----- The input -----
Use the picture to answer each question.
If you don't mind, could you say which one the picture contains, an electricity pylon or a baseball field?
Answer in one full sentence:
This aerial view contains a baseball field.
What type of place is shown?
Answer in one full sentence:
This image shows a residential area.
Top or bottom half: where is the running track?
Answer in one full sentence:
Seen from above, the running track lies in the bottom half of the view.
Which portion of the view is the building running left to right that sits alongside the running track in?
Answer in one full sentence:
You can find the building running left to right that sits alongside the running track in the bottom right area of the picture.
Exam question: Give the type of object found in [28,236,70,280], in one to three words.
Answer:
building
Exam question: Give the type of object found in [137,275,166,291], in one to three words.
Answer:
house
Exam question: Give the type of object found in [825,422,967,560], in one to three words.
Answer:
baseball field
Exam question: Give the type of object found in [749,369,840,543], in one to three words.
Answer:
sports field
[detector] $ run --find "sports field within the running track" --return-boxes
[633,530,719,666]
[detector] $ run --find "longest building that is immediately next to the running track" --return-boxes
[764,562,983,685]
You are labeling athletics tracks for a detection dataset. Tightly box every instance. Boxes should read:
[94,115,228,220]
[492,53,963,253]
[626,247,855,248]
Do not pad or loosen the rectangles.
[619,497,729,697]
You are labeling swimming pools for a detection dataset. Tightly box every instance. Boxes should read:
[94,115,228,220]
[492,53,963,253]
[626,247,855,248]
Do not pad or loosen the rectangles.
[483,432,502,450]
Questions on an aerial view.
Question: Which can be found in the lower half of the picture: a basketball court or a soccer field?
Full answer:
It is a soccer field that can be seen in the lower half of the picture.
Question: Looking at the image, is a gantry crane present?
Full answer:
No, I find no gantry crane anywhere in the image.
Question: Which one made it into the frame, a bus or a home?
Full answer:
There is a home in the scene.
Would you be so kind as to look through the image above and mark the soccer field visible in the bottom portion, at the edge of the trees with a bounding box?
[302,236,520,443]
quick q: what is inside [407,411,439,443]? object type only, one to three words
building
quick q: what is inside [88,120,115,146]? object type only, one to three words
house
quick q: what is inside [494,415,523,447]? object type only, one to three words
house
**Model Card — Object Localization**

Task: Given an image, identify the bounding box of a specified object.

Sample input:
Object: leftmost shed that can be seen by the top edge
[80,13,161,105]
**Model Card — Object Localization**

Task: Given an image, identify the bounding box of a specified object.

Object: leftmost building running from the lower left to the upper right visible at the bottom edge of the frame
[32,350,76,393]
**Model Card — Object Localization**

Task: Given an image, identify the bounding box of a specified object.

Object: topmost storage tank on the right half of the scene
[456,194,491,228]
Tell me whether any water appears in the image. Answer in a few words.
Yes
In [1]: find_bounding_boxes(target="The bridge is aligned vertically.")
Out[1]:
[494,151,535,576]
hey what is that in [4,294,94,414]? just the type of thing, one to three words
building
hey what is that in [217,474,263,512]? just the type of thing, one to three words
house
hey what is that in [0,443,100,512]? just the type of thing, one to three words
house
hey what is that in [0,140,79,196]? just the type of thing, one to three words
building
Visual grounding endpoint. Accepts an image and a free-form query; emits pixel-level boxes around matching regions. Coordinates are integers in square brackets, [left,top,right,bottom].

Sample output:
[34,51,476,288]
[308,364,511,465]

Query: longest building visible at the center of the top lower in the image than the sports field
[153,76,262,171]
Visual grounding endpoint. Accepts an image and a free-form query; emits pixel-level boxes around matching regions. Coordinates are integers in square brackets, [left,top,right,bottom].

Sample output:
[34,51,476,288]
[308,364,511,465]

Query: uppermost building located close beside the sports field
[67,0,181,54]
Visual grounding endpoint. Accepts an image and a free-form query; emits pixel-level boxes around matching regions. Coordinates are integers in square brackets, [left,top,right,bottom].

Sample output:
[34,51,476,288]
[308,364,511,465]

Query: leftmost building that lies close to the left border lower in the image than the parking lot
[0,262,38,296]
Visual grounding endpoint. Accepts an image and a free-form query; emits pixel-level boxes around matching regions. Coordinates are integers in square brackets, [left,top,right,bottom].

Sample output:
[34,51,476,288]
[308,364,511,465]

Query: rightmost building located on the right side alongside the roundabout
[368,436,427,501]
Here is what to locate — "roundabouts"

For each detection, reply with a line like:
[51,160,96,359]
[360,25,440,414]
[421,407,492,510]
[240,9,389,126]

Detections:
-----
## Aim of the task
The answer must consist solely of the lines from the first line of the data to the line holding "Which portion of", each given again exactly.

## Solution to this problem
Use the picture to answer each question.
If you don't mind, could you say which one the picture contains, an electricity pylon or a baseball field?
Answer in one full sentence:
This aerial view contains a baseball field.
What type of place is shown?
Answer in one full sentence:
This image shows a residential area.
Top or bottom half: where is the running track?
Answer in one full sentence:
Seen from above, the running track lies in the bottom half of the view.
Which portion of the view is the building running left to right that sits alongside the running track in?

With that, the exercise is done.